YOUR INSTRUCTIONS :: Every entry is to be returned exactly as it stands; the pictures are to be dropped.

===== INFORMATION SUPPLIED =====

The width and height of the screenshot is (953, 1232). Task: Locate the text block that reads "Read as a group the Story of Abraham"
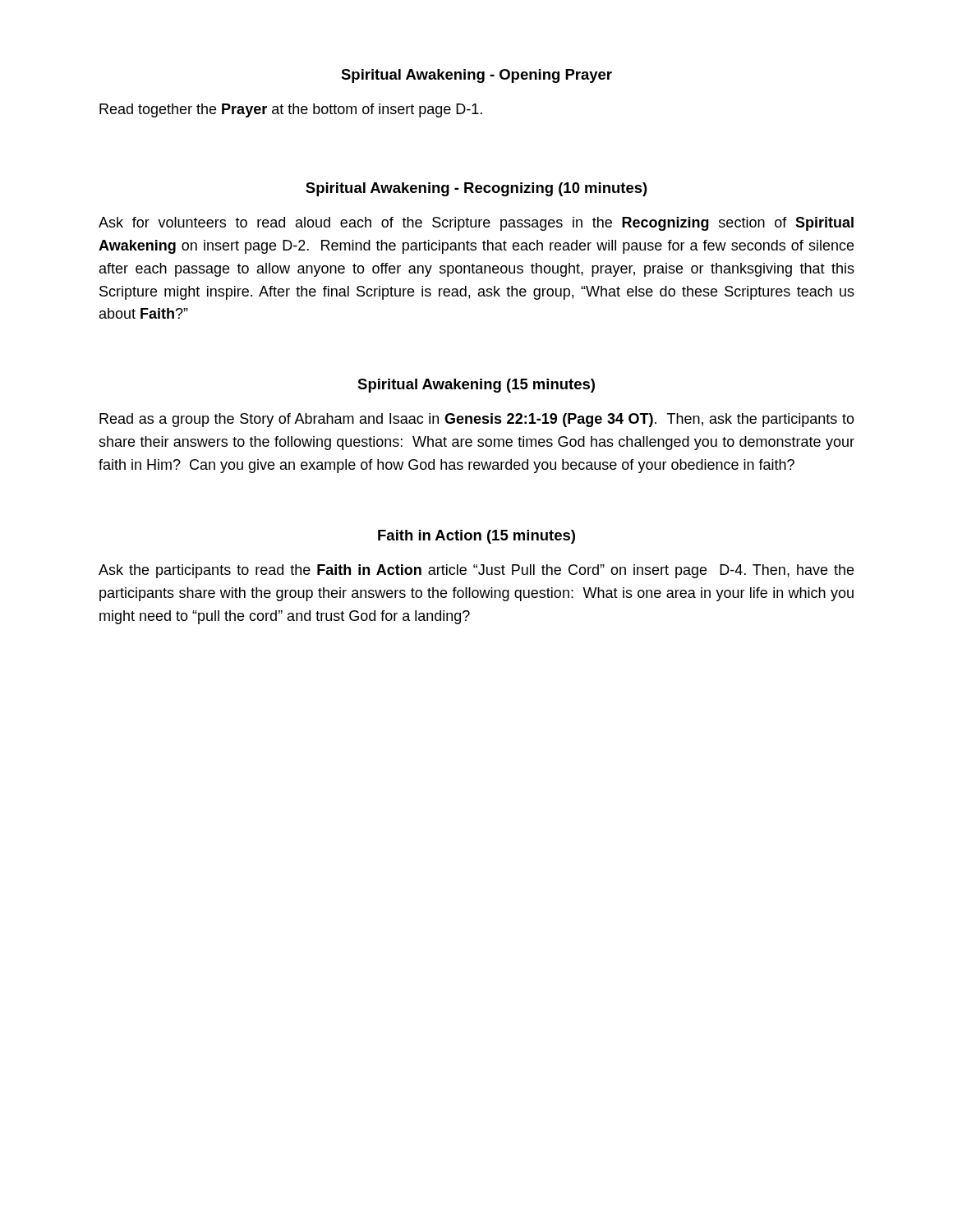tap(476, 442)
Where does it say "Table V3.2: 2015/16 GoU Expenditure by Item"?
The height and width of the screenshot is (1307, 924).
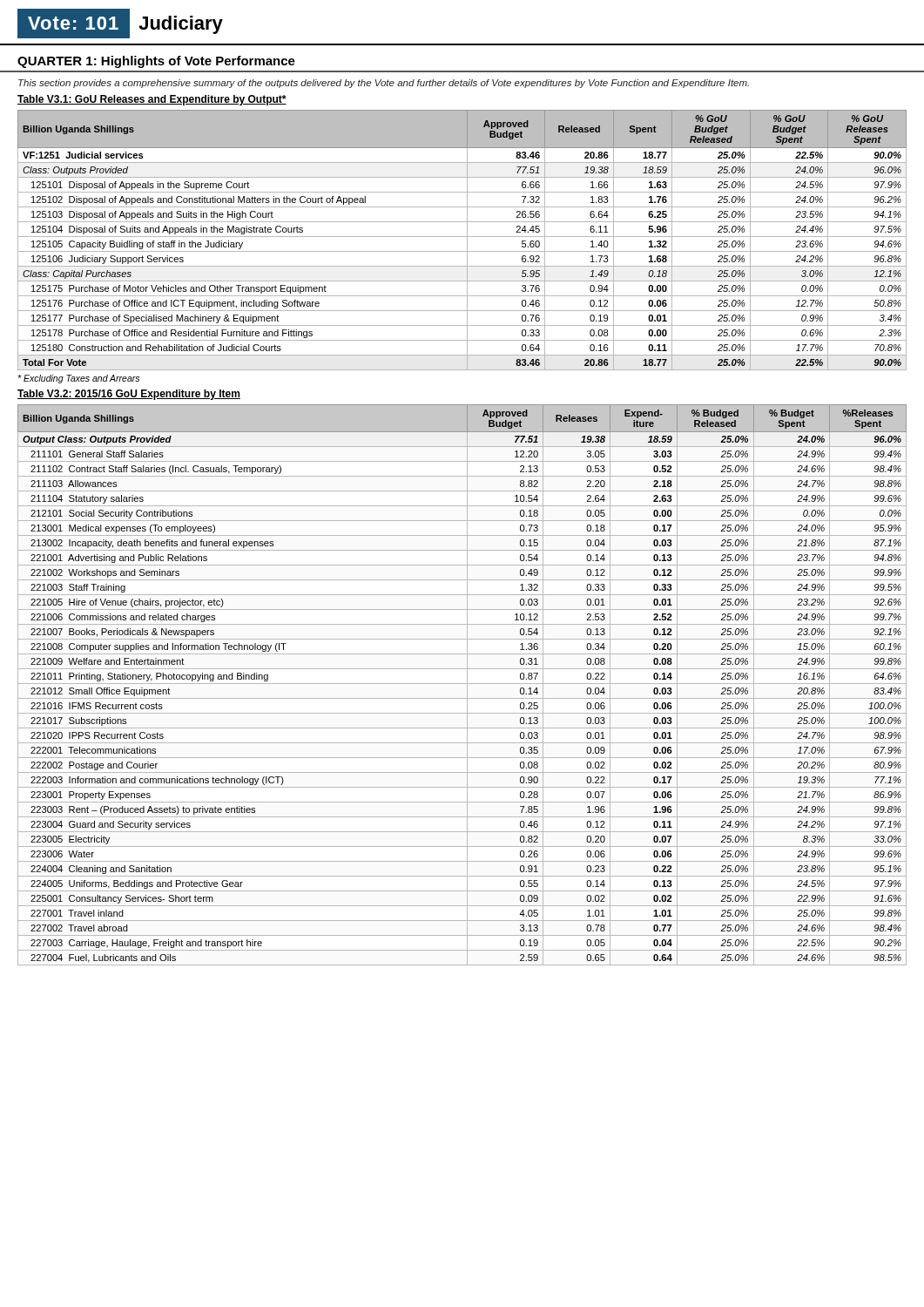[x=462, y=394]
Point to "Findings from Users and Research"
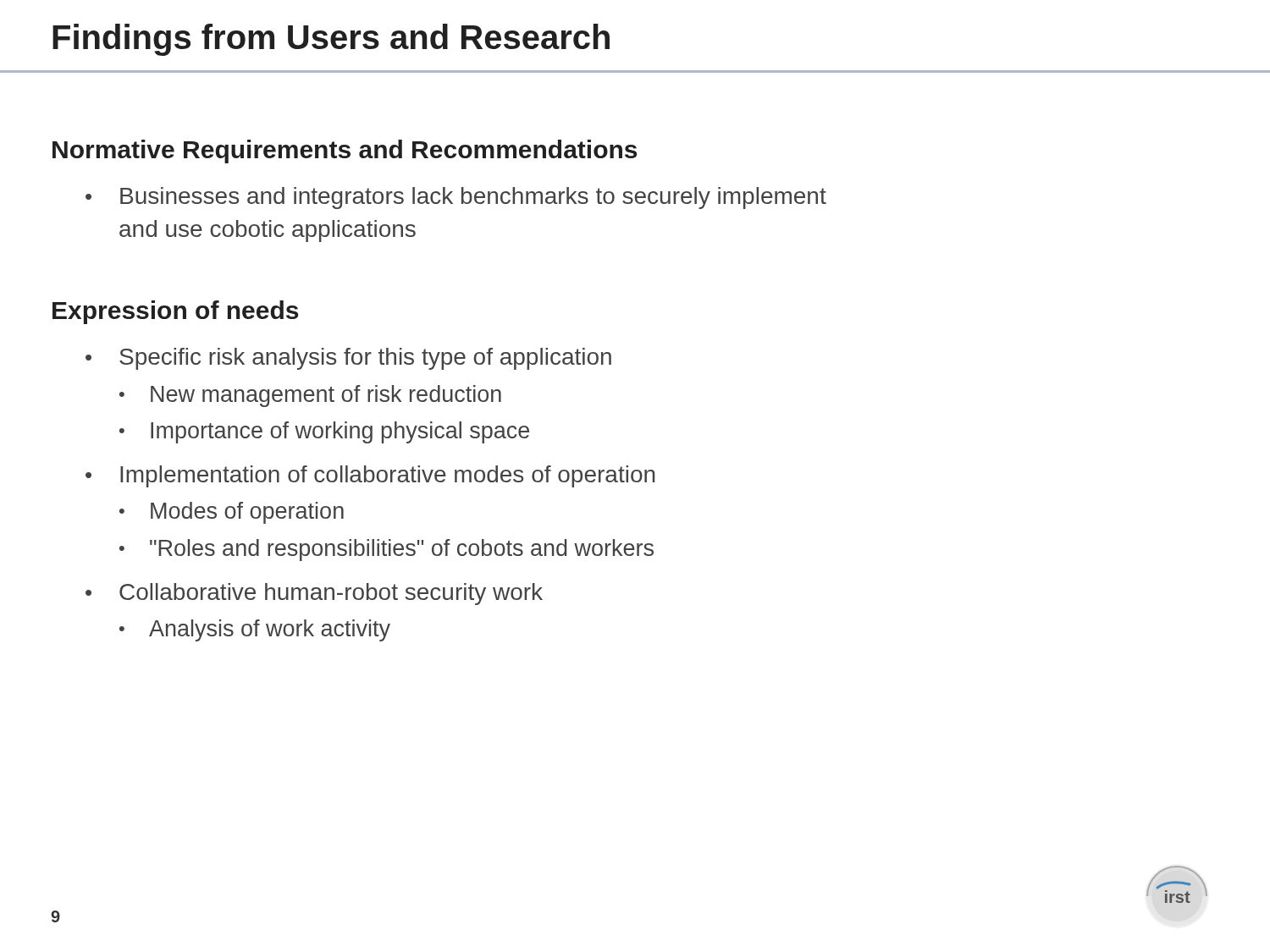The image size is (1270, 952). 331,37
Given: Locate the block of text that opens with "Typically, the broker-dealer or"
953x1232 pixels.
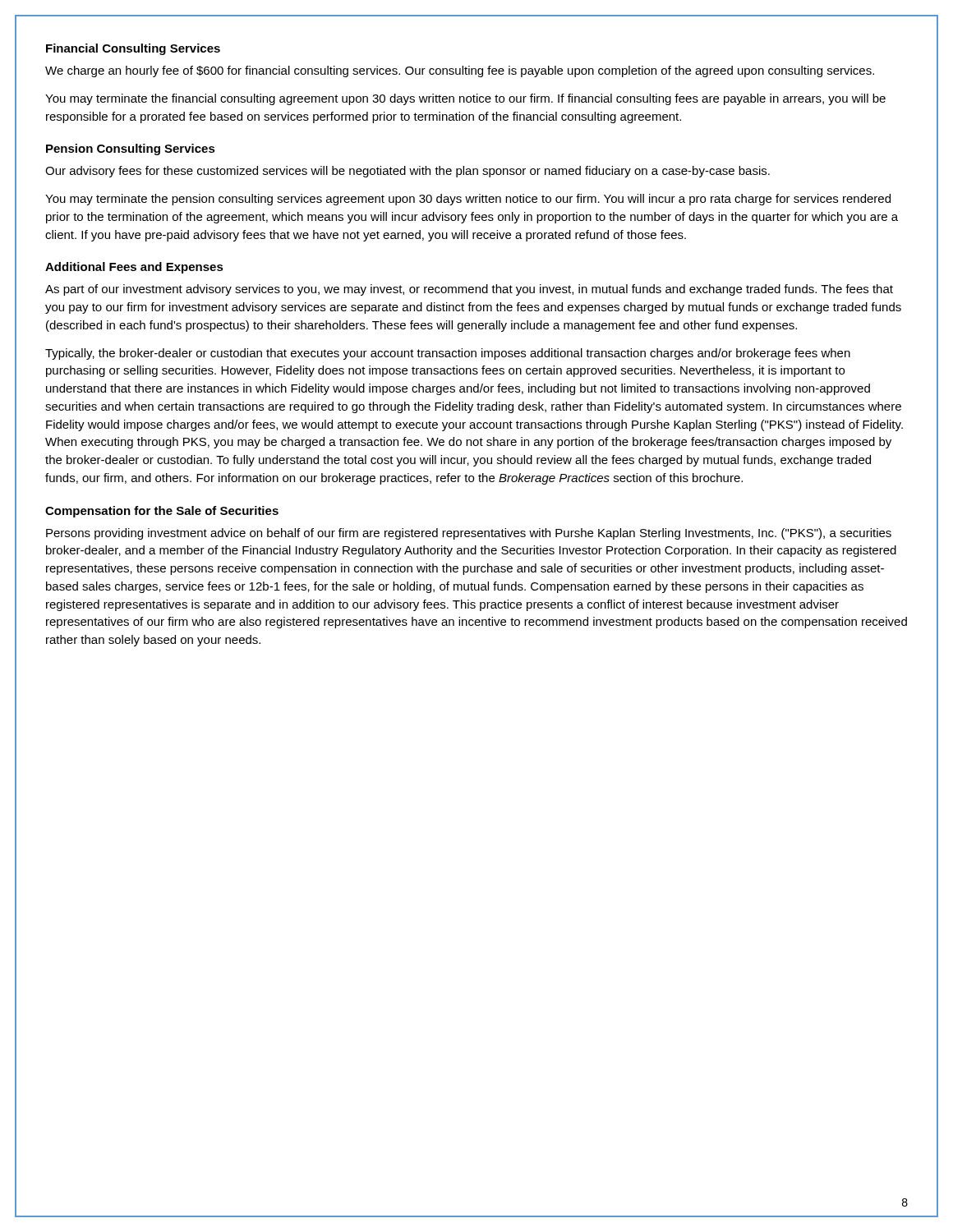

=====

ANSWER SECTION ::
The width and height of the screenshot is (953, 1232). Task: Locate the text block that reads "Read as a group the Story of Abraham"
tap(476, 442)
Where does it say "Table V3.2: 2015/16 GoU Expenditure by Item"?
The height and width of the screenshot is (1307, 924).
[x=462, y=394]
Point to "Findings from Users and Research"
The image size is (1270, 952). 331,37
Given: Locate the block of text that opens with "Typically, the broker-dealer or"
953x1232 pixels.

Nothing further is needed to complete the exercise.